## Data extract
+ + +

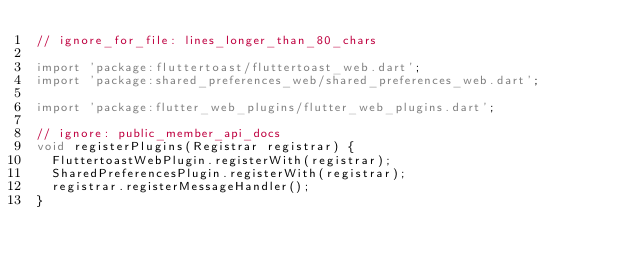<code> <loc_0><loc_0><loc_500><loc_500><_Dart_>// ignore_for_file: lines_longer_than_80_chars

import 'package:fluttertoast/fluttertoast_web.dart';
import 'package:shared_preferences_web/shared_preferences_web.dart';

import 'package:flutter_web_plugins/flutter_web_plugins.dart';

// ignore: public_member_api_docs
void registerPlugins(Registrar registrar) {
  FluttertoastWebPlugin.registerWith(registrar);
  SharedPreferencesPlugin.registerWith(registrar);
  registrar.registerMessageHandler();
}
</code> 
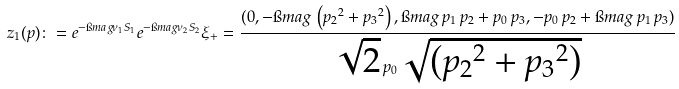<formula> <loc_0><loc_0><loc_500><loc_500>z _ { 1 } ( p ) \colon = e ^ { - \i m a g \nu _ { 1 } S _ { 1 } } e ^ { - \i m a g \nu _ { 2 } S _ { 2 } } \xi _ { + } = \frac { ( 0 , - \i m a g \, \left ( { p _ { 2 } } ^ { 2 } + { p _ { 3 } } ^ { 2 } \right ) , \i m a g \, p _ { 1 } \, p _ { 2 } + { p _ { 0 } } \, { p _ { 3 } } , - { p _ { 0 } } \, { p _ { 2 } } + \i m a g \, { p _ { 1 } } \, { p _ { 3 } } ) } { { \sqrt { 2 } } \, p _ { 0 } \, \sqrt { \left ( { p _ { 2 } } ^ { 2 } + { p _ { 3 } } ^ { 2 } \right ) } }</formula>

+ + +

## Task
Reproduce every record verbatim, please. Omit the images.

## Answer area
<code> <loc_0><loc_0><loc_500><loc_500><_Dart_>// ignore_for_file: lines_longer_than_80_chars

import 'package:fluttertoast/fluttertoast_web.dart';
import 'package:shared_preferences_web/shared_preferences_web.dart';

import 'package:flutter_web_plugins/flutter_web_plugins.dart';

// ignore: public_member_api_docs
void registerPlugins(Registrar registrar) {
  FluttertoastWebPlugin.registerWith(registrar);
  SharedPreferencesPlugin.registerWith(registrar);
  registrar.registerMessageHandler();
}
</code> 
<formula> <loc_0><loc_0><loc_500><loc_500>z _ { 1 } ( p ) \colon = e ^ { - \i m a g \nu _ { 1 } S _ { 1 } } e ^ { - \i m a g \nu _ { 2 } S _ { 2 } } \xi _ { + } = \frac { ( 0 , - \i m a g \, \left ( { p _ { 2 } } ^ { 2 } + { p _ { 3 } } ^ { 2 } \right ) , \i m a g \, p _ { 1 } \, p _ { 2 } + { p _ { 0 } } \, { p _ { 3 } } , - { p _ { 0 } } \, { p _ { 2 } } + \i m a g \, { p _ { 1 } } \, { p _ { 3 } } ) } { { \sqrt { 2 } } \, p _ { 0 } \, \sqrt { \left ( { p _ { 2 } } ^ { 2 } + { p _ { 3 } } ^ { 2 } \right ) } }</formula>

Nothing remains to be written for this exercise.